Drizzle builds nested with queries as stacked LEFT JOIN LATERAL subqueries, one per level. When the deepest level is a reverse many-to-one relation, the generated subquery needs a column from an outer scope. Postgres rejects it with a 42703 error.
Is this a bug in my schema or my query syntax?
No. Your query matches Drizzle's documented with syntax exactly. The issue is in how Drizzle generates SQL for this depth and direction combination.
Does this happen with one-level with queries too?
No. A single-level with works fine, even on a reverse relation. The error appears at 3+ levels, when the last level is reverse.
What's the fastest fix if I just need this working today?
Restructure the query to start from the table that owns the foreign key. That's Fix 1. It's two simple queries, merged in code. It avoids the LATERAL pattern entirely.
Will switching to Relational Queries v2 fix this?

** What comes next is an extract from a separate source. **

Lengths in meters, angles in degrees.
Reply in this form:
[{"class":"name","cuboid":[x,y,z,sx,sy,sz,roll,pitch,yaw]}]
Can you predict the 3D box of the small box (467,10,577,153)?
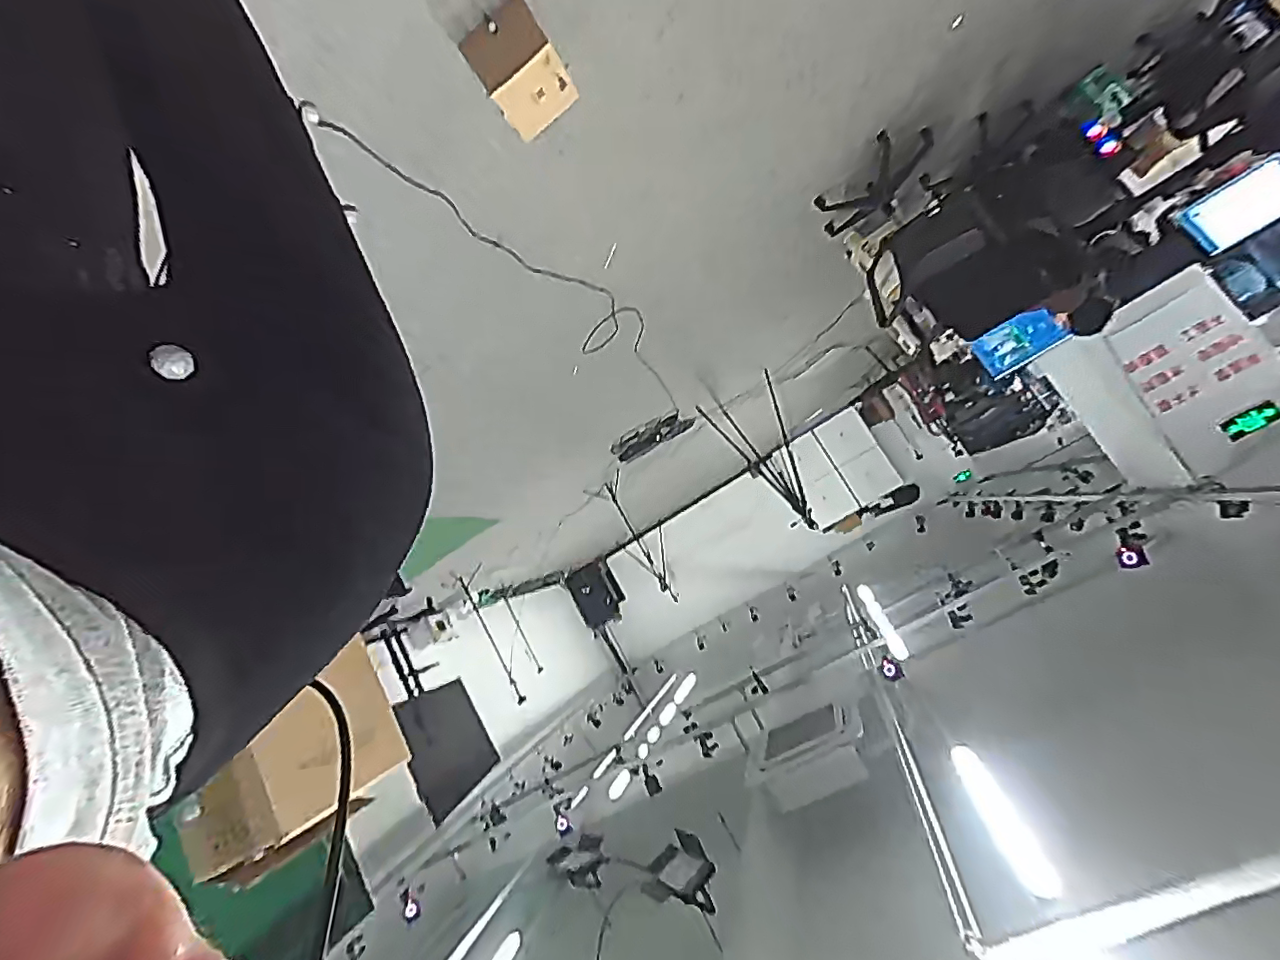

RQB v2 uses a separate defineRelations config to define relations. But verify this deep-nesting case against your own schema first. The original issue was filed against v1, and its status on v2 isn't confirmed here.
Does this affect MySQL or SQLite too?
The error message itself is Postgres-specific - LATERAL is a Postgres and SQL-standard construct. A related issue shows TiDB also fails on Drizzle's generated LEFT JOIN LATERAL queries, since TiDB doesn't support LATERAL joins at all. Other databases can hit different errors from the same root cause.
Can I avoid this by not using the relational query API?
Yes. Drizzle's standard query builder - .select().from().leftJoin() - gives you full control over joins. It never generates LATERAL subqueries on its own. A hybrid approach works well: relational API for shallow reads, manual joins for deep ones.
Is there an open GitHub issue I can follow for this?
Yes. The original report describes this exact pattern - a deeply nested query ending in a reverse relation. It's tracked on the drizzle-orm GitHub repository under bug reports.
Conclusion
The LATERAL error isn't telling you to fix your schema. It's surfacing a gap in how Drizzle's relational query engine handles deep reverse relations.
Once you know the rule, you can design around it. Reverse relations are safe at the top level. They get risky three levels down.